= Francisella small RNAs =

Several small RNAs in Francisella tularensis, a pathogenic bacterium

Several small RNAs have been identified in Francisella tularensis, pathogenic bacterium that causes the disease tularaemia. Very little is known about Francisella's regulatory networks that allow this bacterium to survive in many environments.

Ftr A and Ftr B (Francisella tularensis sRNA A and B) were the first sRNAs identified in F. tularensis, more specifically in F. t. holarctica. Experimental analysis confirmed the expression of the well known non-coding RNAs: tmRNA and 4.5S RNA as well as identification of the 2 new sRNAs Ftr A and Ftr B. A genome-wide in silico search found several other sRNAs. Ftr A and Ftr B share no sequence similarity or conserved genomic context with any previously annotated regulatory RNAs.
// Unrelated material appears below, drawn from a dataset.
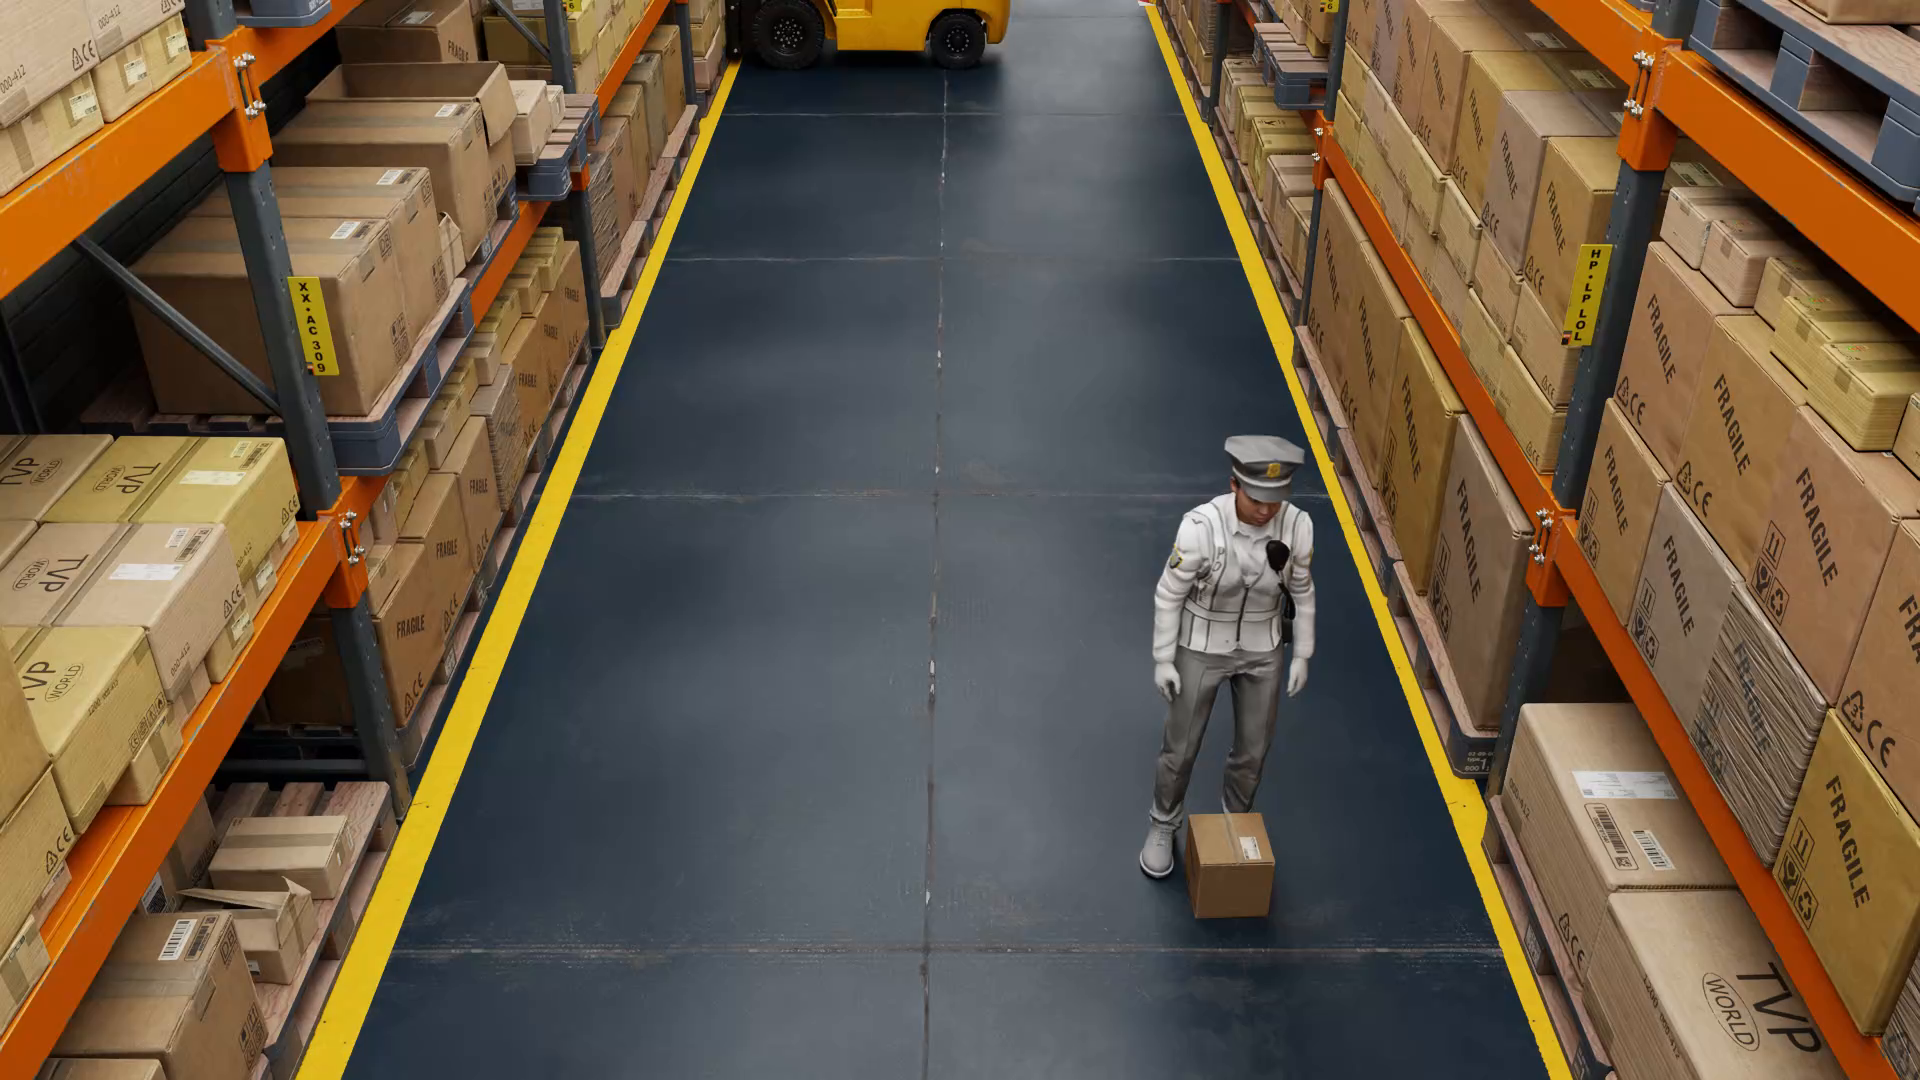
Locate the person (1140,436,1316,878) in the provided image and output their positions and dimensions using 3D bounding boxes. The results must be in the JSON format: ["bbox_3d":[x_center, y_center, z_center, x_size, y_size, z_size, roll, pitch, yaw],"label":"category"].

Deletion of Ftr A and Ftr B led to significant changes in the expression of several mRNAs. However, it did not alter Francisella's survival during normal growth or under stress conditions. Also deletion of those sRNAs did not affect bacterium ability to induce disease in a mouse model. A major study in F. t. novicida later demonstrated FtrA to be associated with a CRISPR/Cas system and to repress an endogenous transcript encoding a bacterial lipoprotein.

FtrC (Francisella tularensis sRNA C) is the first sRNA shown to modulate the virulence capacity of F. tularensis. High expression of FtrC reduces intracellular multiplication of the bacteria in macrophages and in organs of infected mice. FtrC mRNA target gene was also identified, but it is not involved in Francisella multiplication.